*** GIVEN DATA ***
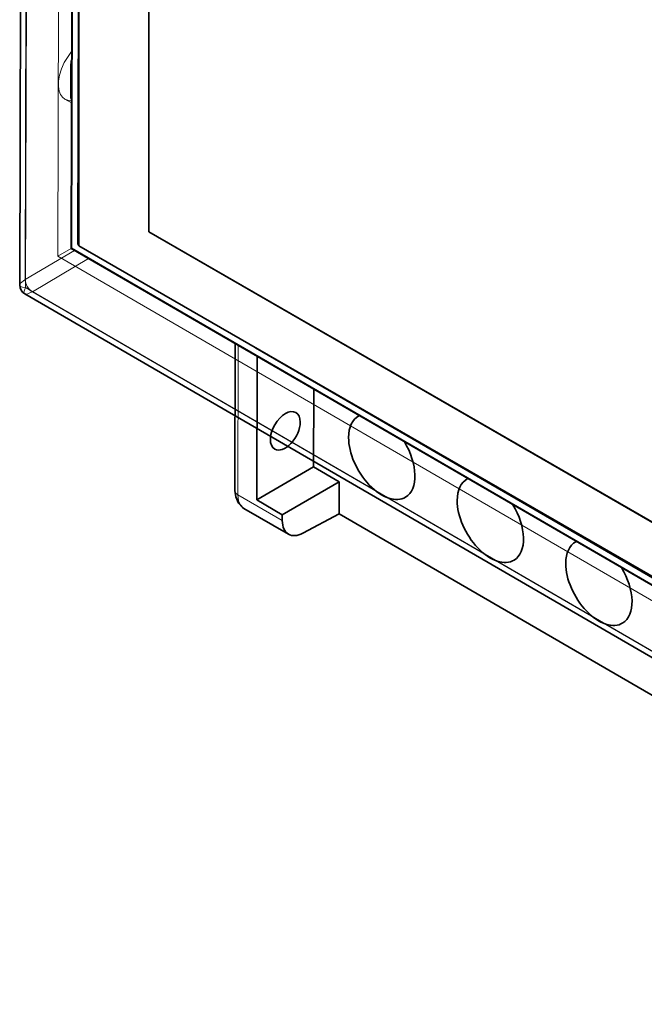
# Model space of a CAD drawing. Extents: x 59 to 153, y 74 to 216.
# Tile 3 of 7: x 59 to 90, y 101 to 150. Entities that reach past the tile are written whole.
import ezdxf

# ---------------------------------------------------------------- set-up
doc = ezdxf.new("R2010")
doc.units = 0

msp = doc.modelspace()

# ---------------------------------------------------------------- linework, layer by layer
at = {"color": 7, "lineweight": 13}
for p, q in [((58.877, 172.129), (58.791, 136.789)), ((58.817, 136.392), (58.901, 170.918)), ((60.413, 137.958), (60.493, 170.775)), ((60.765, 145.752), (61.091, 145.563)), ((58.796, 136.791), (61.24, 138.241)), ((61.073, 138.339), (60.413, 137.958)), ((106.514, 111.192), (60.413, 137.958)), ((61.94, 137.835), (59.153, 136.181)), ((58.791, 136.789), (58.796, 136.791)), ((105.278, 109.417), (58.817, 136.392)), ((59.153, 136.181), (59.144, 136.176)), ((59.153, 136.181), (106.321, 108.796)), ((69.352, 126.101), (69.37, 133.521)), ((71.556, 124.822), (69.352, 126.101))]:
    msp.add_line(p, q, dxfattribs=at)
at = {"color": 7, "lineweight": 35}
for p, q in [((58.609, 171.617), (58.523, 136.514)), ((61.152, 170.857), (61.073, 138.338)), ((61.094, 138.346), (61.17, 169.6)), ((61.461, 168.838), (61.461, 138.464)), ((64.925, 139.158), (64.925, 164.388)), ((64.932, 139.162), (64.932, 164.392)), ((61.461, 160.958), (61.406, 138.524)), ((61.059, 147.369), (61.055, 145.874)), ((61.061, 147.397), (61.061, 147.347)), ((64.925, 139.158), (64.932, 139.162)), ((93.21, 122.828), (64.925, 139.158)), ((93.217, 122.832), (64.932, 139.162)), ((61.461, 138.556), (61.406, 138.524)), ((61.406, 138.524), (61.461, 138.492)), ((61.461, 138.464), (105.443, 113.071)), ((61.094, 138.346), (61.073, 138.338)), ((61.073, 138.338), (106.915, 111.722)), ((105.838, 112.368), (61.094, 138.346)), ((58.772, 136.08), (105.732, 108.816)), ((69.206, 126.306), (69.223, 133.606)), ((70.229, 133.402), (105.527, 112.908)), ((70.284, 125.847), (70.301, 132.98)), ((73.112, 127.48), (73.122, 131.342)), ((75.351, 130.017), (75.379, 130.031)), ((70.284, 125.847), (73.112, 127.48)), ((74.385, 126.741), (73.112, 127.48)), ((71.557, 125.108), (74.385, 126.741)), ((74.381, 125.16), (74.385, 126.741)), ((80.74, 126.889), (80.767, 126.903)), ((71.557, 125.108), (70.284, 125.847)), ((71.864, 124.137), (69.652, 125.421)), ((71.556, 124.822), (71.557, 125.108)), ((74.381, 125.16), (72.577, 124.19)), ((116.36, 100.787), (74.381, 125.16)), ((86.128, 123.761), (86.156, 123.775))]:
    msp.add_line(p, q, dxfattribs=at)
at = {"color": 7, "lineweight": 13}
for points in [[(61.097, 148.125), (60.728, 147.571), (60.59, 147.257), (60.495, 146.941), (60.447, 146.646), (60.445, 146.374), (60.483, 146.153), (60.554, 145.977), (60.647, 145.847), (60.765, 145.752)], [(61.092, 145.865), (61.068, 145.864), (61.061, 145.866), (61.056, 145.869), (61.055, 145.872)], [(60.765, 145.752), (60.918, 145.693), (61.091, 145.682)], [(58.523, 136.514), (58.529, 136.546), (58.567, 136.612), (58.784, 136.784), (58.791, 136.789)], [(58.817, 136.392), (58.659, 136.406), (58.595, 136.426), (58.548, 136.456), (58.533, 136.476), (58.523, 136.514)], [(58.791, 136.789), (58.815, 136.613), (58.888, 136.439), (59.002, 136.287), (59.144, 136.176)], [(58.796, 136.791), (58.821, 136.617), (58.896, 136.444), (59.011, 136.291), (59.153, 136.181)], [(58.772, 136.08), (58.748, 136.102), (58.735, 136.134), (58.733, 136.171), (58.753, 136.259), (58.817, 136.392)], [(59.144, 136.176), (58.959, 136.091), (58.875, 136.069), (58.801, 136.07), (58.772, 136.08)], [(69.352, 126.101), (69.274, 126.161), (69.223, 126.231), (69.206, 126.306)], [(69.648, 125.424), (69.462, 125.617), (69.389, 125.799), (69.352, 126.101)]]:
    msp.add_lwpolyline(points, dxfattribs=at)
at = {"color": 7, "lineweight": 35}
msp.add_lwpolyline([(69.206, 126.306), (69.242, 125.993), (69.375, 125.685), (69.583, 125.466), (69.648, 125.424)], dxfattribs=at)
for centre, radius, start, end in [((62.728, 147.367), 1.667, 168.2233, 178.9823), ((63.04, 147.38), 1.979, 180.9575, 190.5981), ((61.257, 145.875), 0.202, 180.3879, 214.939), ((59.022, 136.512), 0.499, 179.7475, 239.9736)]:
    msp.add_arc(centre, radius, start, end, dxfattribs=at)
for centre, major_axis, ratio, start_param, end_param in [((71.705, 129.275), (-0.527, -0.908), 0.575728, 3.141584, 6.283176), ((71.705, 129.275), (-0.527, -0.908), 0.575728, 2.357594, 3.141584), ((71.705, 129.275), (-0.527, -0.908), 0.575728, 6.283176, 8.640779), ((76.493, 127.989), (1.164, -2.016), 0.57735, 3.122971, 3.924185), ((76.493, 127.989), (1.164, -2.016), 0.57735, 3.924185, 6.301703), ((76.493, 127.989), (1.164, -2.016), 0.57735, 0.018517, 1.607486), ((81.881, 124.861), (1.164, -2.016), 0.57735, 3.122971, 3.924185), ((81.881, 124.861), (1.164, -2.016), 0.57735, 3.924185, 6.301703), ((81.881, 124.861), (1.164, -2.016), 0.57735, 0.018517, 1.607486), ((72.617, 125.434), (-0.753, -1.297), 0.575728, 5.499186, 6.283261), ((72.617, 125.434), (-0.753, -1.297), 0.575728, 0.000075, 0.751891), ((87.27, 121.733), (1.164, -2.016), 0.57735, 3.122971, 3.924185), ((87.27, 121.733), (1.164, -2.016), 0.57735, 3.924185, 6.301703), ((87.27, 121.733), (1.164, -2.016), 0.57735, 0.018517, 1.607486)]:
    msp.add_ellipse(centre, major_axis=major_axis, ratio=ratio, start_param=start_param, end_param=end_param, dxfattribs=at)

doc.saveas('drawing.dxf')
*** End of GIVEN DATA ***
WHAT TO DO: Your answer should consist of the lines above that hold the word "radius", copied exactly.

ANSWER BOX:
for centre, radius, start, end in [((62.728, 147.367), 1.667, 168.2233, 178.9823), ((63.04, 147.38), 1.979, 180.9575, 190.5981), ((61.257, 145.875), 0.202, 180.3879, 214.939), ((59.022, 136.512), 0.499, 179.7475, 239.9736)]:
    msp.add_arc(centre, radius, start, end, dxfattribs=at)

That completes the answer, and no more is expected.